*Task item:*
Apart from the pictures, output all of the records exactly.

--- START ---

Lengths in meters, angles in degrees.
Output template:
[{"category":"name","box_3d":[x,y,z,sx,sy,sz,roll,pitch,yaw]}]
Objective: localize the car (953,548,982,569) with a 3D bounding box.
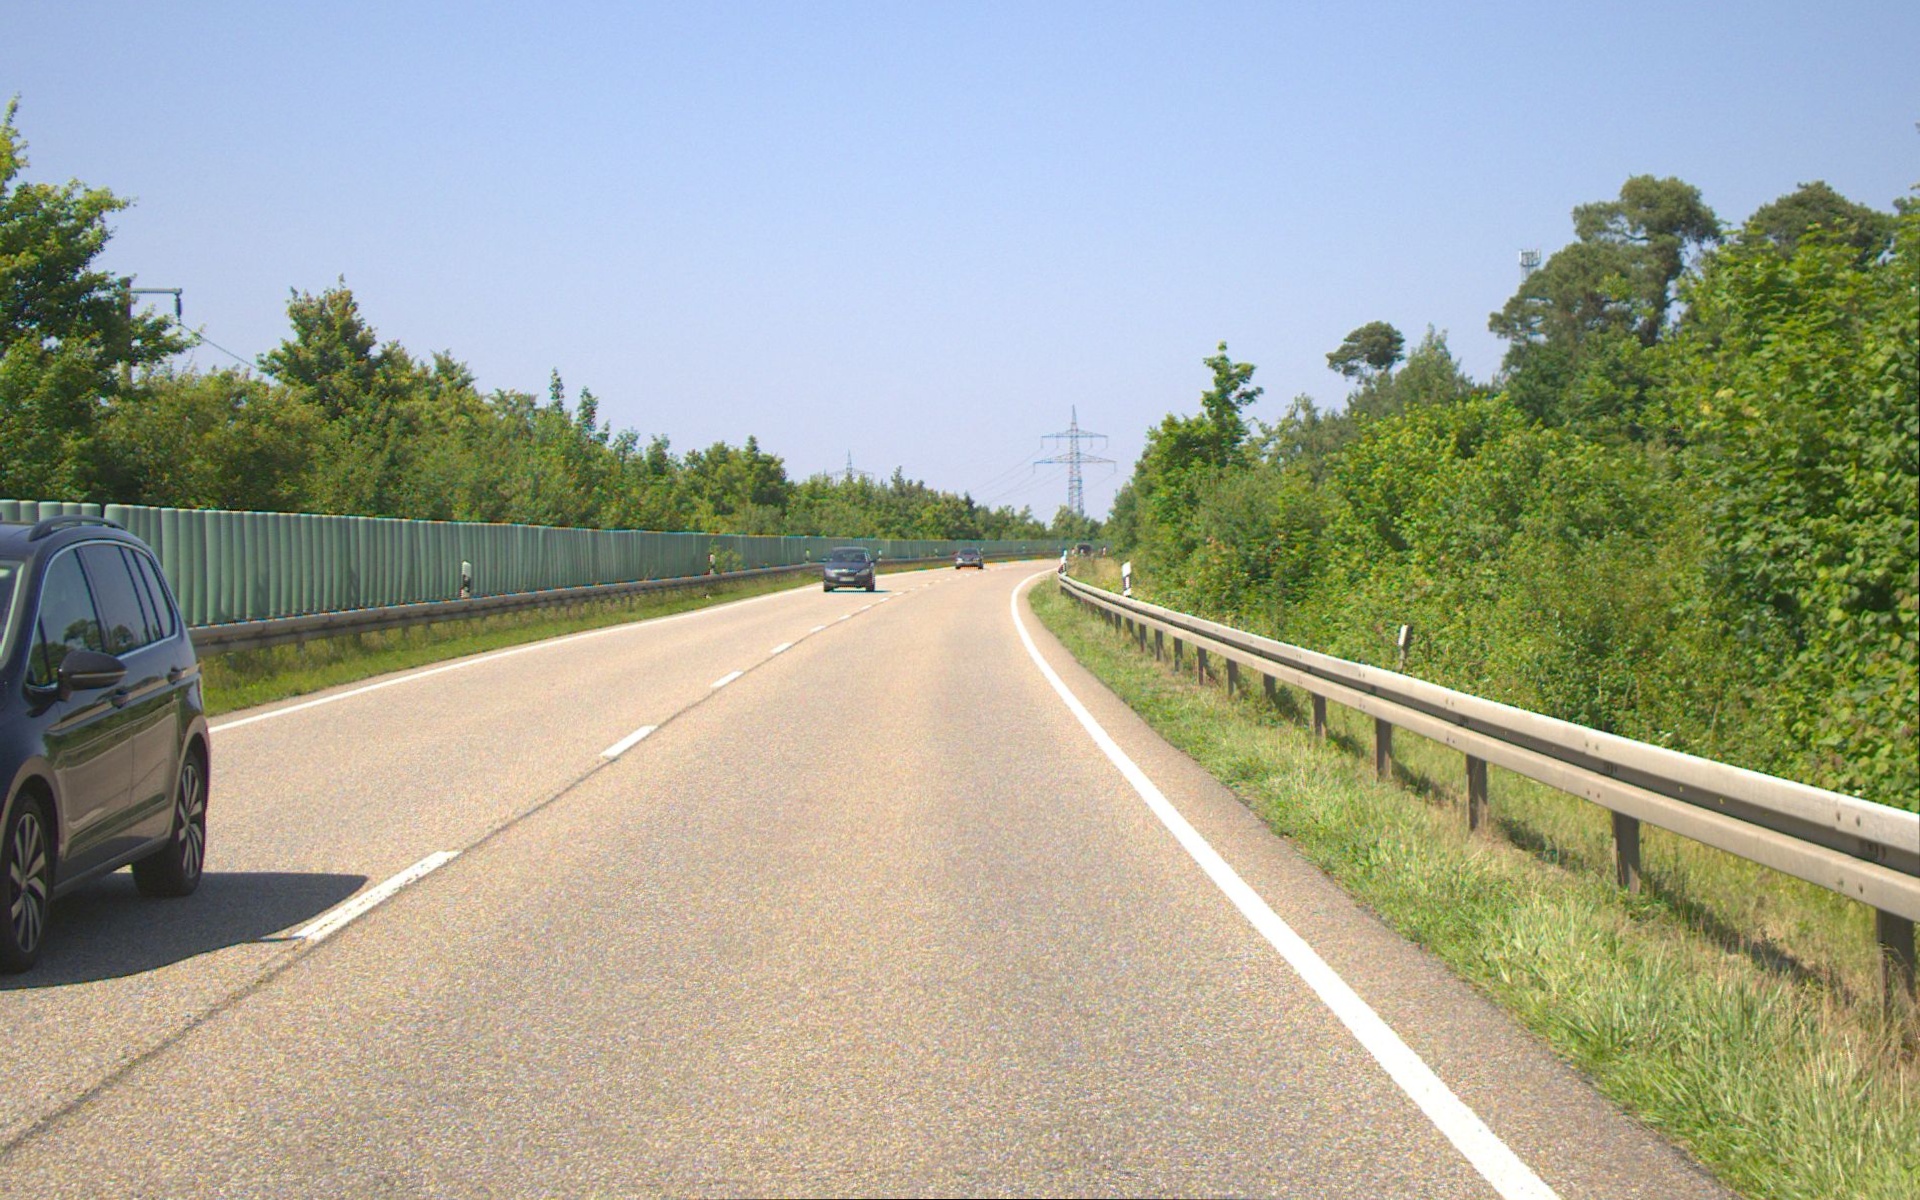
[{"category":"car","box_3d":[0.515,-2.769,229.938,1.787,1.367,3.897,0,2,2]}]

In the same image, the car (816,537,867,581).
[{"category":"car","box_3d":[-4.002,-1.397,116.677,1.648,1.474,3.677,0,1,-1]}]

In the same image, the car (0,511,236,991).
[{"category":"car","box_3d":[-4.167,0.486,13.640,1.764,1.634,4.127,0,1,-1]}]

--- END ---

*Task output:*
Lengths in meters, angles in degrees.
Output template:
[{"category":"name","box_3d":[x,y,z,sx,sy,sz,roll,pitch,yaw]}]
Objective: localize the car (953,548,982,569) with a 3D bounding box.
[{"category":"car","box_3d":[0.515,-2.769,229.938,1.787,1.367,3.897,0,2,2]}]

In the same image, the car (816,537,867,581).
[{"category":"car","box_3d":[-4.002,-1.397,116.677,1.648,1.474,3.677,0,1,-1]}]

In the same image, the car (0,511,236,991).
[{"category":"car","box_3d":[-4.167,0.486,13.640,1.764,1.634,4.127,0,1,-1]}]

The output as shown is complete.